“Everyone you offer healing to returns it. Everyone you attack keeps it and cherishes it by holding it against you. Whether he does this or does it not will make no difference; you will think he does. It is impossible to offer what you do not want without this penalty. The cost of giving is receiving.” (T-13 III. 5:4-7, italics mine)
Lying in bed unable to sleep a couple of nights ago I noticed myself getting increasingly angry as I thought about my daughter and a situation at school that I’ve been dealing with for over a week. At my daughter’s request, I’ve been trying to set up a meeting with her teachers so that we can look at ways in which she can improve in their classes. My daughter has ADHD (Attention Deficit Hyperactive Disorder), which makes it difficult for her to focus and keep on task. It has been my experience that with a little willingness on her part and some minor accommodations from her teachers, she is able to compensate and do fairly well.

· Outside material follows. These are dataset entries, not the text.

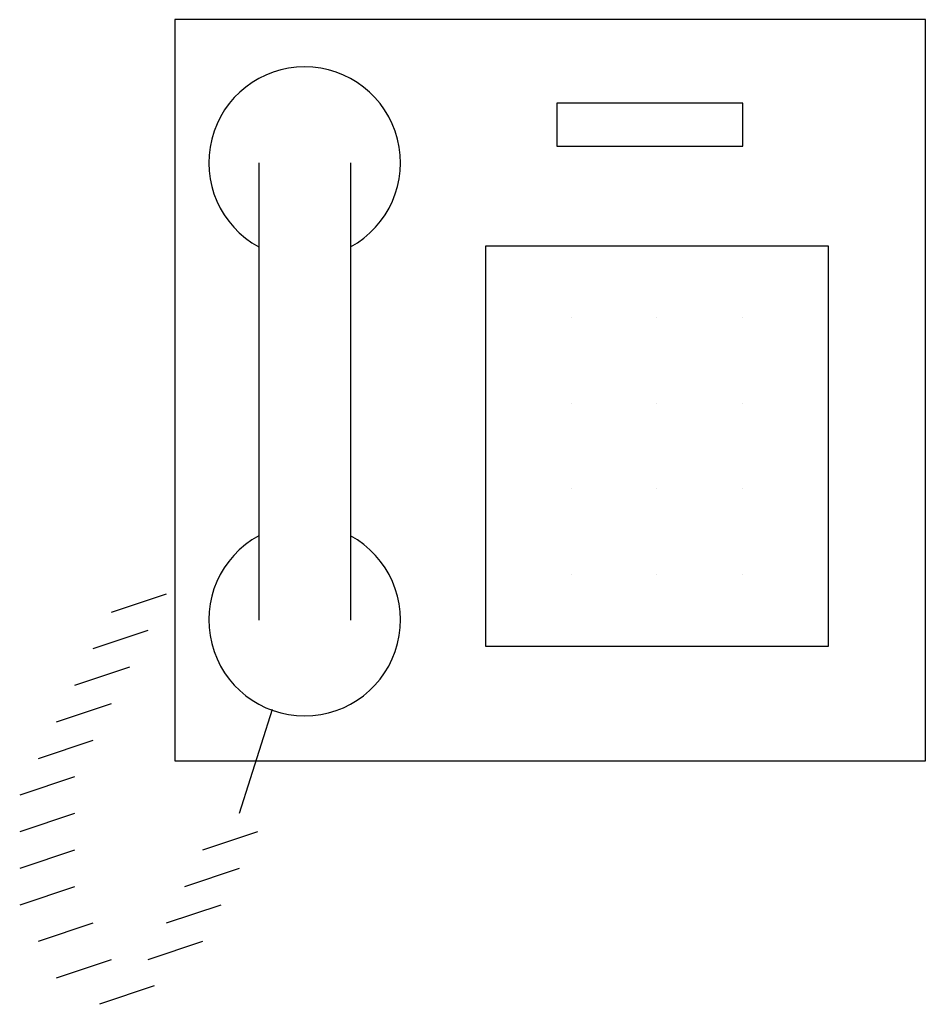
# Model space of a CAD drawing. Extents: x 259.6 to 269.5, y 189.1 to 199.8.
import ezdxf

# ---------------------------------------------------------------- set-up
doc = ezdxf.new("R2010")
doc.units = 0
doc.layers.get('0').update_dxf_attribs({"linetype": 'CONTINUOUS'})

# ---------------------------------------------------------------- blocks, each defined once
blk = doc.blocks.new('RECTANG')
for p, q in [((1, 1), (0, 1)), ((0, 1), (0, 0)), ((1, 0), (1, 1)), ((0, 0), (1, 0))]:
    blk.add_line(p, q)
blk = doc.blocks.new('FNPHONE')
for p, q in [((-7.287295, 6.539472), (-7.287295, 1.539472)), ((-6.287295, 6.539472), (-6.287295, 1.539472)), ((-3.872666, 4.847341), (-3.872666, 4.847341)), ((-2.935166, 4.847341), (-2.935166, 4.847341)), ((-1.997666, 4.847341), (-1.997666, 4.847341)), ((-3.872666, 3.909841), (-3.872666, 3.909841)), ((-2.935166, 3.909841), (-2.935166, 3.909841)), ((-1.997666, 3.909841), (-1.997666, 3.909841)), ((-3.872666, 2.972341), (-3.872666, 2.972341)), ((-2.935166, 2.972341), (-2.935166, 2.972341)), ((-1.997666, 2.972341), (-1.997666, 2.972341)), ((-3.872666, 2.034841), (-3.872666, 2.034841)), ((-2.935166, 2.034841), (-2.935166, 2.034841)), ((-1.997666, 2.034841), (-1.997666, 2.034841)), ((-8.302528, 1.823208), (-8.902528, 1.623208)), ((-8.502528, 1.423208), (-9.102528, 1.223208)), ((-8.702528, 1.023208), (-9.302528, 0.823208)), ((-8.902528, 0.623208), (-9.502528, 0.423208)), ((-7.14169, 0.561087), (-7.502528, -0.576792)), ((-9.102528, 0.223208), (-9.702528, 0.023208)), ((-9.302528, -0.176792), (-9.902528, -0.376792)), ((-9.302528, -0.576792), (-9.902528, -0.776792)), ((-7.302528, -0.776792), (-7.902528, -0.976792)), ((-9.302528, -0.976792), (-9.902528, -1.176792)), ((-7.502528, -1.176792), (-8.102528, -1.376792)), ((-9.302528, -1.376792), (-9.902528, -1.576792)), ((-7.702528, -1.576792), (-8.302528, -1.776792)), ((-9.102528, -1.776792), (-9.702528, -1.976792)), ((-7.902528, -1.976792), (-8.502528, -2.176792)), ((-8.902528, -2.176792), (-9.502528, -2.376792)), ((-8.431886, -2.461597), (-9.031886, -2.661597))]:
    blk.add_line(p, q)
for centre, start, end in [((-6.787295, 6.539472), 298.491464, 241.508536), ((-6.787295, 1.539472), 118.491464, 61.508536)]:
    blk.add_arc(centre, 1.048157, start, end)
for p, xscale, yscale, zscale in [((-8.205282, 0), 8.205282, 8.104073, 8.205282), ((-4.028916, 6.722341), 2.03125, 0.46875, 2.03125), ((-4.810166, 1.253591), 3.75, 4.375, 3.75)]:
    blk.add_blockref('RECTANG', p, dxfattribs=dict(xscale=xscale, yscale=yscale, zscale=zscale))
blk = doc.blocks.new('A$C54CE2CCE')
at = {"color": 7}
blk.add_blockref('FNPHONE', (9.903, 2.662), dxfattribs=at)

msp = doc.modelspace()

# ---------------------------------------------------------------- block references
msp.add_blockref('A$C54CE2CCE', (259.552, 189.057))

doc.saveas('drawing.dxf')

The problem is that her teachers have been unresponsive to my request for a meeting. A week and a half after my initial request, I was feeling powerless and frustrated; a victim of the circumstances. I blamed the teachers first for not caring enough and the public school system for offering me no real recourse. There are almost no consequences to a tenured high school teacher who doesn’t do his or her job. I know the system fairly well since I was employed by a public high school district as a teacher for over 10 years.
As I considered the magnitude of my anger, it seemed disproportionate with the size of the problem. Compared to the financial hardship that some people are going through right now, or some of the ongoing atrocities that happen in the world, my pity party over three unresponsive teachers seemed pretty trivial. It was tempting that night to just turn off the light and force myself to sleep, forgetting everything about it.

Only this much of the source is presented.